Excitement to play the games we wish to play is never a bad thing. In fact, it’s an often amazing feeling and one of the best parts about being a gamer other than, you know, actually having the pleasure of playing through a truly excellent game for the first time. And that’s to say nothing of those rare gems that absolutely beg to be played through more than once in order to absorb every possible scintilla of joy available (The original Dark Souls comes to mind as a more recent example). Can it sometimes, however, stand in the way of our objectivity and affect the way in which we feel about games?

Let’s take a look at the hotly anticipated title, Dark Souls 2. The series to which it belongs is (in)famous for its soul-crushing difficulty, dark and mysterious aesthetic, and its ability to whip grown men and women into a frenzy of controller-throwing anger and bouts of sleepless obsession by turns. The Souls games are well-equipped to consume a player’s thoughts until the game is completed at least once – like the best kind of nightmare you can’t help but wish to mire yourself in if only to prove yourself as a hardcore, and probably sadistic, gamer. Dark Souls 2, however, if you’re taking the pulse on these sorts of things, is surrounded by equal parts anxiety and excitement.

For every Dark Souls comic and trailer released to roll out the welcome mat before its March 11th release date, there are just as many fans out there wondering if this is the end of what makes the series special: the unknown. Hype is often the bane of the unknown, the very opposite in fact. In other words, as the ever-present hype train gains momentum, Dark Souls 2 becomes that much less mysterious. Each time a Youtuber with a Playstation posts a video of the game’s recent beta stress test, another layer of the onion is peeled away, leaving fans with a bit less to enjoy once the product is in their hands and spinning inside the console of their choice.

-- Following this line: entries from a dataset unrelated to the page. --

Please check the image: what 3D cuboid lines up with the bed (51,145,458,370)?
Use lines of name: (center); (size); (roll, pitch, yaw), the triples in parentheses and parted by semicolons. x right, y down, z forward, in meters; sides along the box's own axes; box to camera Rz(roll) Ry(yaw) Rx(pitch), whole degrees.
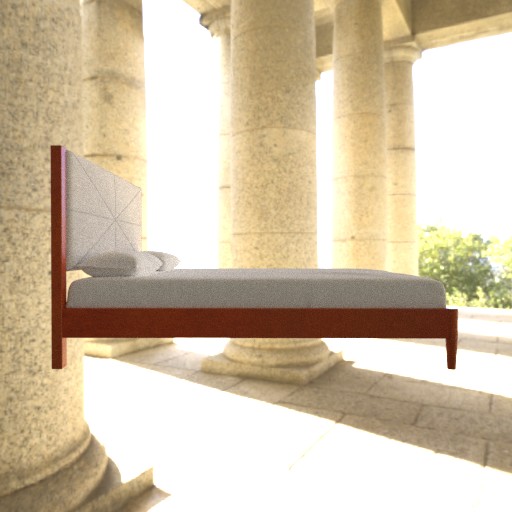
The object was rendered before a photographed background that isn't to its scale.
bed: (0.000, 0.000, 3.068); (2.117, 1.165, 1.566); (0, 1, 1)
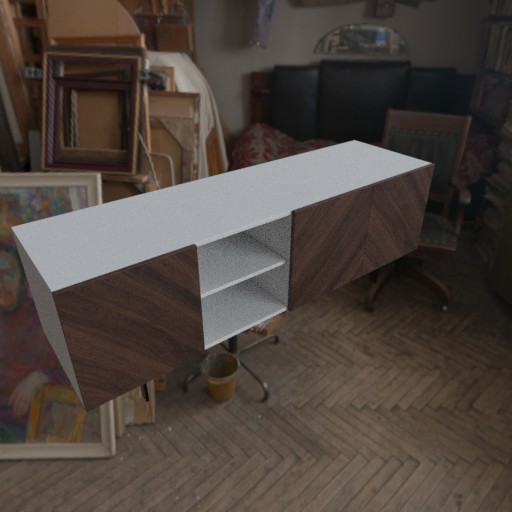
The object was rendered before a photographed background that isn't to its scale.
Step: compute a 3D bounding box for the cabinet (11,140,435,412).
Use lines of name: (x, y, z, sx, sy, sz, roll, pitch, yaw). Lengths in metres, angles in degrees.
cabinet: (0.000, 0.000, 1.693, 1.499, 0.533, 0.431, -21, 37, -31)
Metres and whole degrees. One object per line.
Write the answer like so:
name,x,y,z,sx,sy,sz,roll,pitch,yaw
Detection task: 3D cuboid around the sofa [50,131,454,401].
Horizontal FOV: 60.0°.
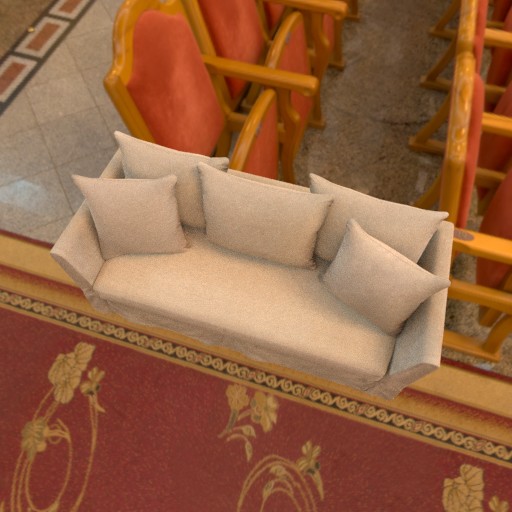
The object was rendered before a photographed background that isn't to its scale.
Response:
sofa,0.000,0.000,2.879,2.290,1.034,1.031,15,59,9

Hype can be a double-sided axe in the world of gaming, and it really comes down to your individual tastes and preferences. If you choose to be completely surprised and blind-sided by the sheer glory of a game once it releases, ignoring the constant assault of trailers, magazine spots and developer interviews, you create your own hype – a very personal, more intimate type of hype. If, however, you’re the sort of person (like me) who just can’t help hunting down and absorbing every delicious drop of manufactured hype surrounding a new title, you may be disappointed by the final product once it doesn’t live up to that wonderful trailer you watched with wide eyes a week before its release.